Anyway, the cool stuff didn’t end there. The second presentation that got en-“graph”-ed (pun intended) into my brain, was the recommendation engine build for PDI. As a novice developer in PDI, common practices and general use, can be a steep learning curve. With the use of data science, and yes again, Neo4J, a recommendation engine was build, to hand out suggestions when building ETL. The main objective is to simplify the learning curve and help new developers get acquainted with the different elements that PDI holds. Pretty cool in its current use-case but let’s exaggerate a bit when I say “the crowd went wild”. It didn’t take too long for the developers in the room to see the potential it had. Not only for recommendation but also the idea of creating a graph storage for transformation and jobs, or even using it to enforce a certain “company-style” to new ETL-development.

Get graphic

I’m probably biased, since I’ve worked with Kettle and had a dab at Neo4j, but the final presentation that holds some food for thought, was the creation of a data lineage framework with Kettle and Neo4j.
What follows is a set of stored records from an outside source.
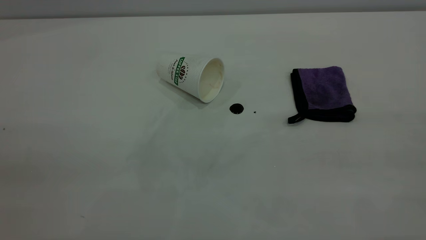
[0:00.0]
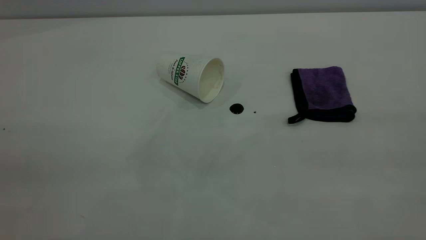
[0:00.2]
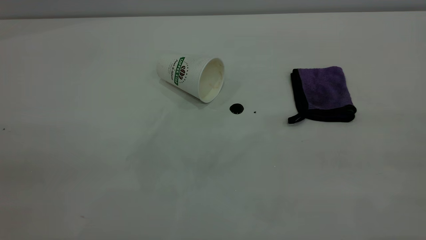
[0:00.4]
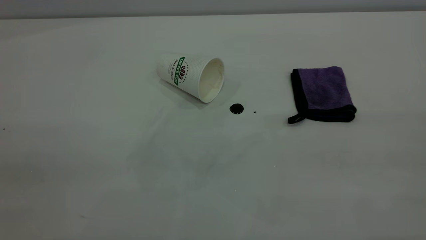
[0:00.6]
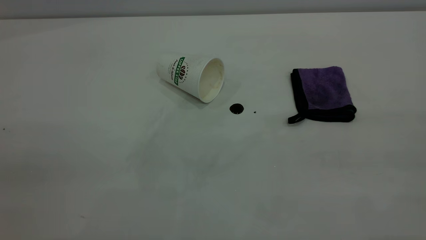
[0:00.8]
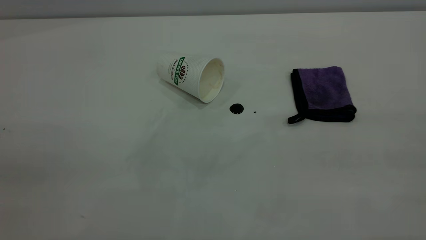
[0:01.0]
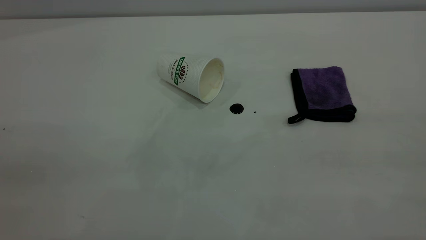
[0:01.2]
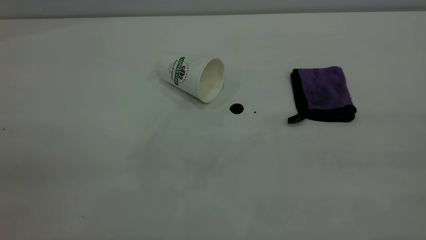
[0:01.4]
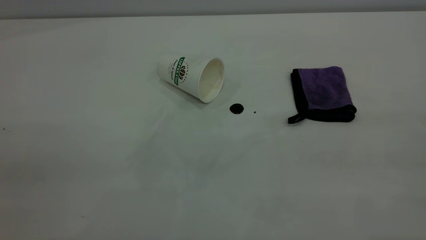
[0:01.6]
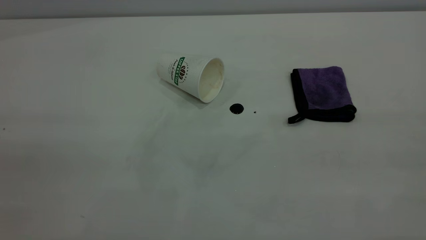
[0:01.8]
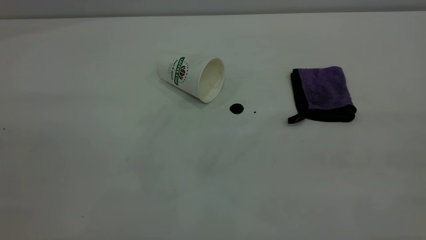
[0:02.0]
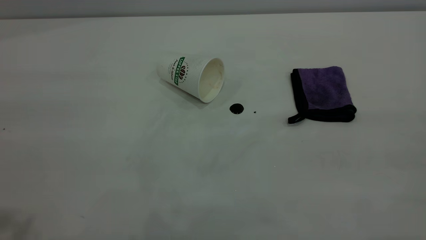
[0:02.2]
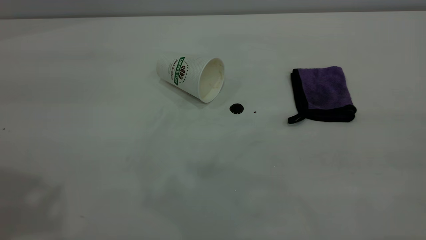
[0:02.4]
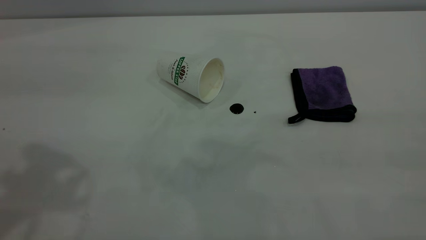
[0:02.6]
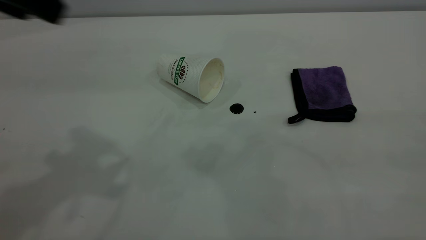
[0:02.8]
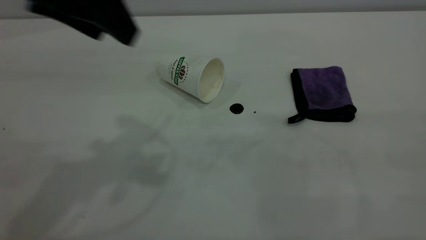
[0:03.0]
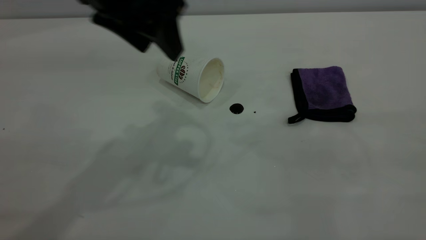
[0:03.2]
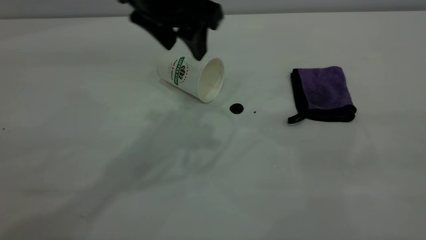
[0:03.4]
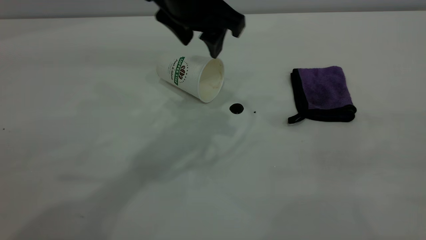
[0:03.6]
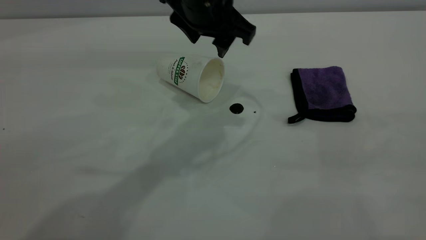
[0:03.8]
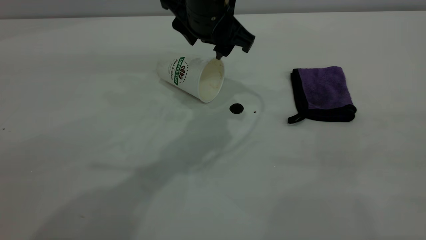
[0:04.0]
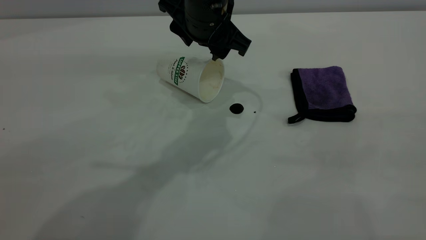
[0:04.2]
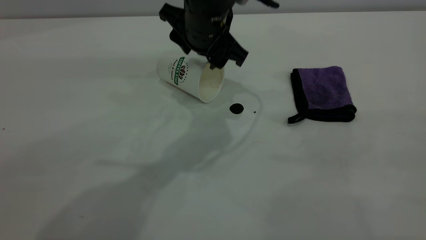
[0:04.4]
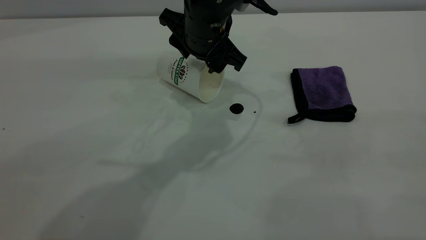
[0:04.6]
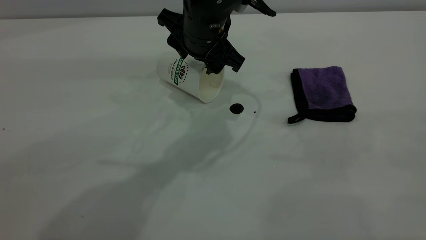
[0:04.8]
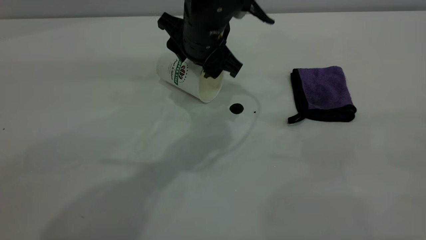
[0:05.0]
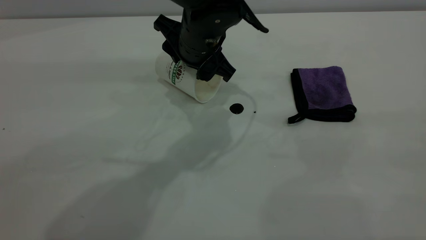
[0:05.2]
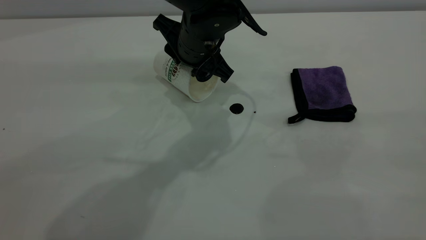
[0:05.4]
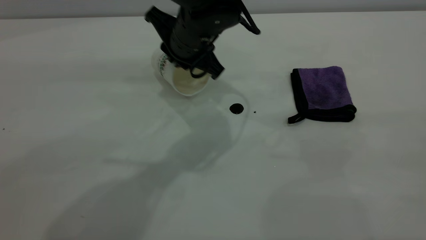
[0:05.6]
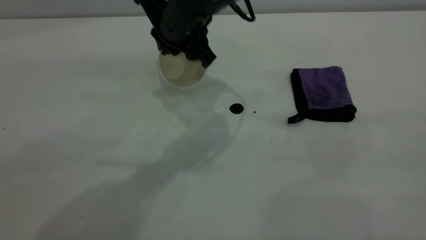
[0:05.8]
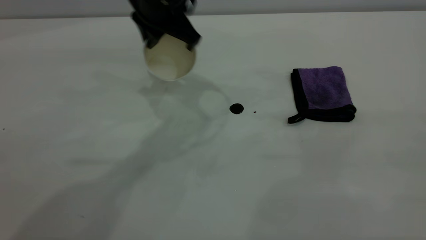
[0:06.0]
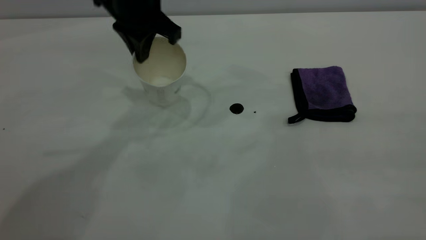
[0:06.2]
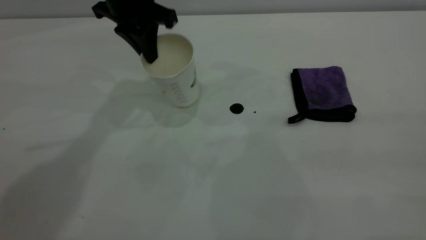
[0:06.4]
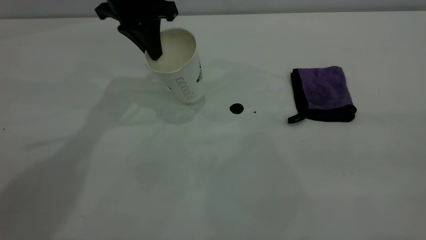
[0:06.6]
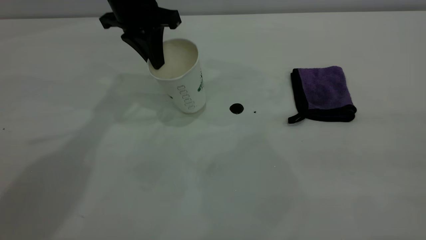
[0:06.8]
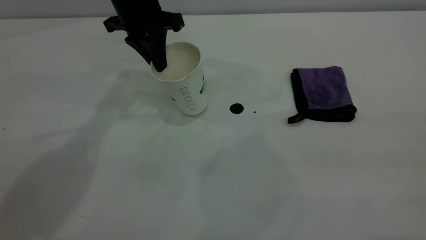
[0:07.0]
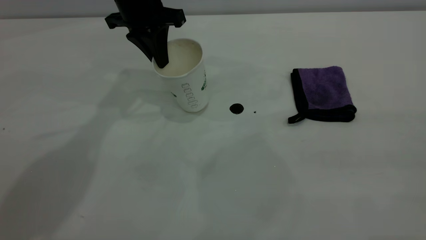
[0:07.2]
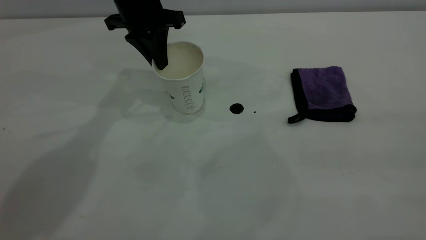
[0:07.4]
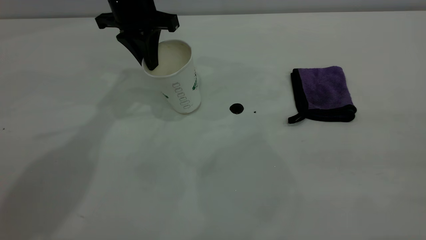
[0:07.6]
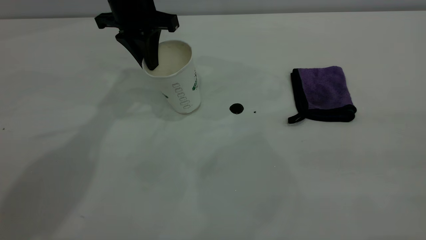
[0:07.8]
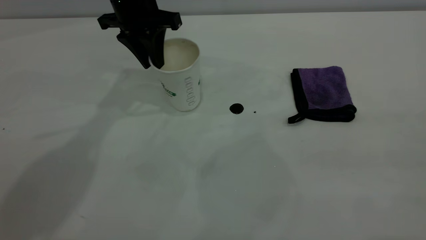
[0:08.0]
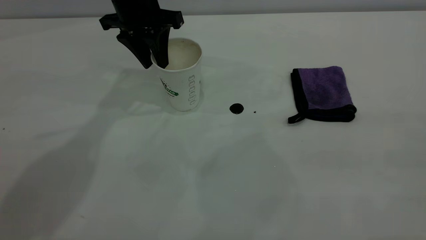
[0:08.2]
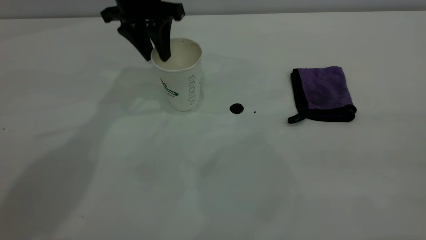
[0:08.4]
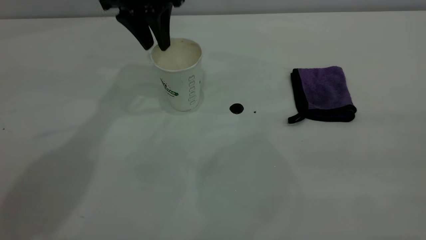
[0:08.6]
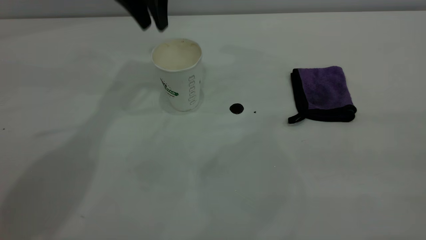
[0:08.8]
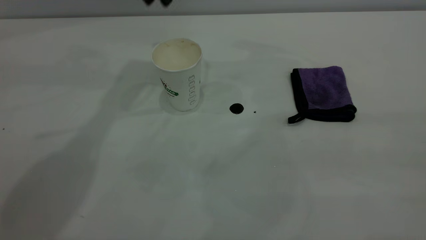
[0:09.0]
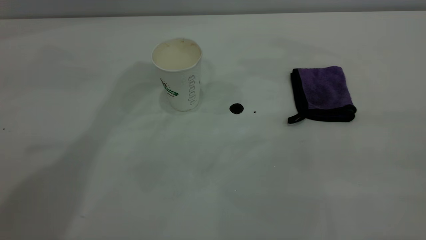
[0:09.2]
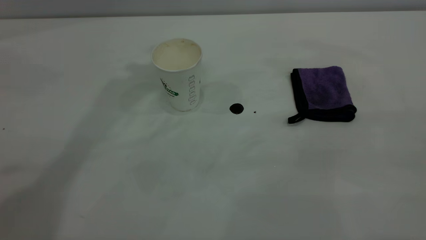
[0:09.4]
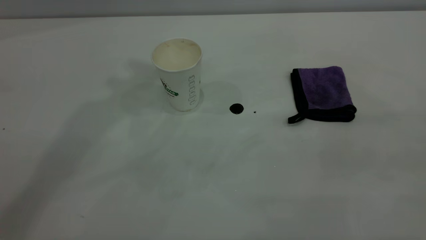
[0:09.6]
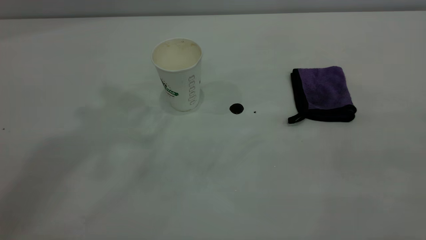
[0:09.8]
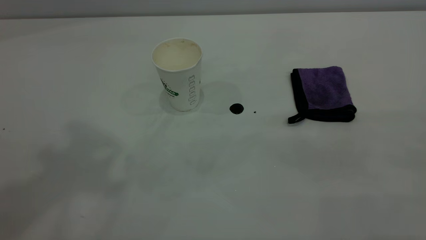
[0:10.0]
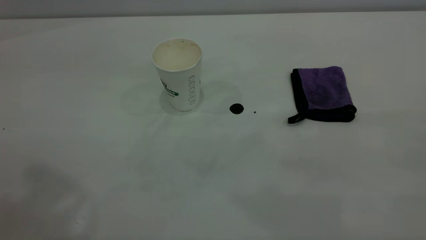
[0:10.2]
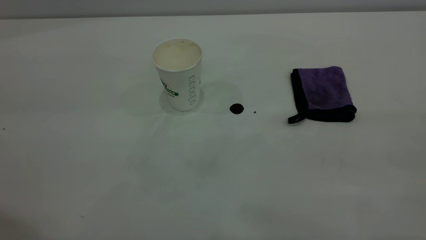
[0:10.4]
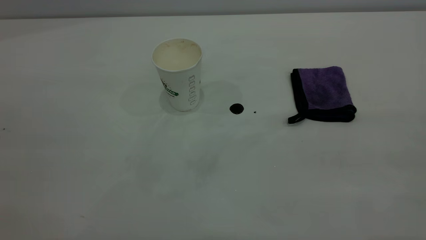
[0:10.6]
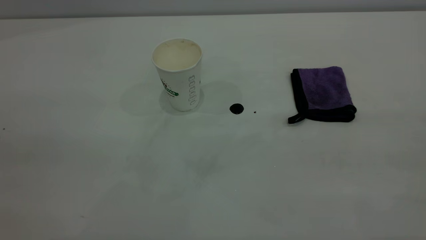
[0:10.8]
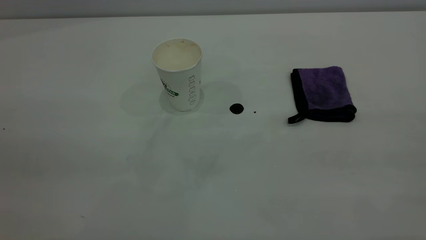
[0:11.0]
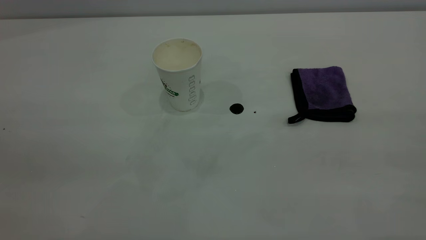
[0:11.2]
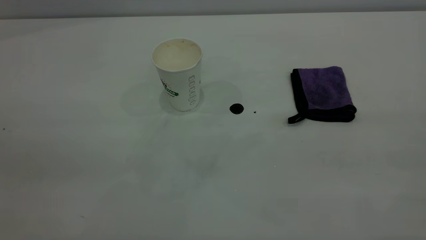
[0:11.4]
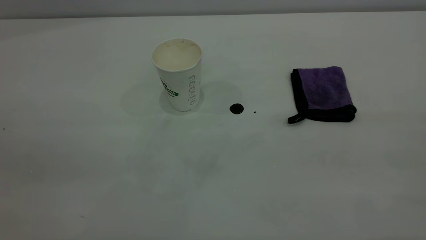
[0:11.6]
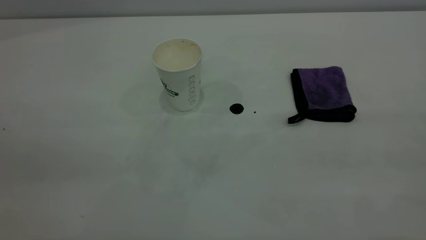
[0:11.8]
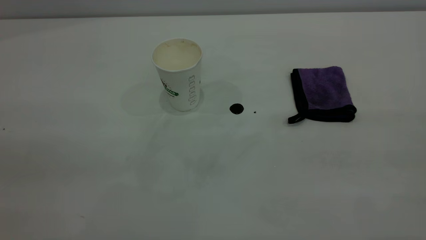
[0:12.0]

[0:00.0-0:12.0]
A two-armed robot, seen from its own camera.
Task of the whole recording: the left gripper pick up the fallen cup and place it upright, the right gripper grasp the purple rag and wipe the coffee stain on the table, the right gripper put the purple rag back in its original position.
Step, 0:00.0 to 0:08.6: Stand the paper cup upright.
0:00.0 to 0:01.6: Both grippers stay about where they are.
0:01.6 to 0:03.0: The left gripper shifts approximately 30 cm forward and to the right.
0:03.0 to 0:04.4: The left gripper moves downward, to the right and forward, roughly 25 cm.
0:04.4 to 0:06.0: The left gripper moves to the left and upward, approximately 10 cm, and closes its fingers.
0:06.0 to 0:07.6: The left gripper shifts about 10 cm to the left and forward.
0:07.6 to 0:09.0: The left gripper heads upward, covering roughly 10 cm, and opens its fingers.

Every developer knows the pain of starting at a new project and having zero to none documentation. Vice versa, each business owner knows the pain of having to spend a number of days (and money) on getting a new developer up to speed. So what if you could store your ETL and database structure as a graph? Enabling you to simply query all the information you need. Being able to find which column is situated in which database and which table and even seeing in which ETL-structure the columns is referenced. I’m pretty sure you’re all drooling over the idea and I can’t blame you, so was I.

In conclusion, the first KCM brought to light a few interesting topics and some cool new stuff to learn. It might not hold the complete, historical and famous grandeur of the previous PCM-editions, but it’s the yellow brick road to an improved city of Oz.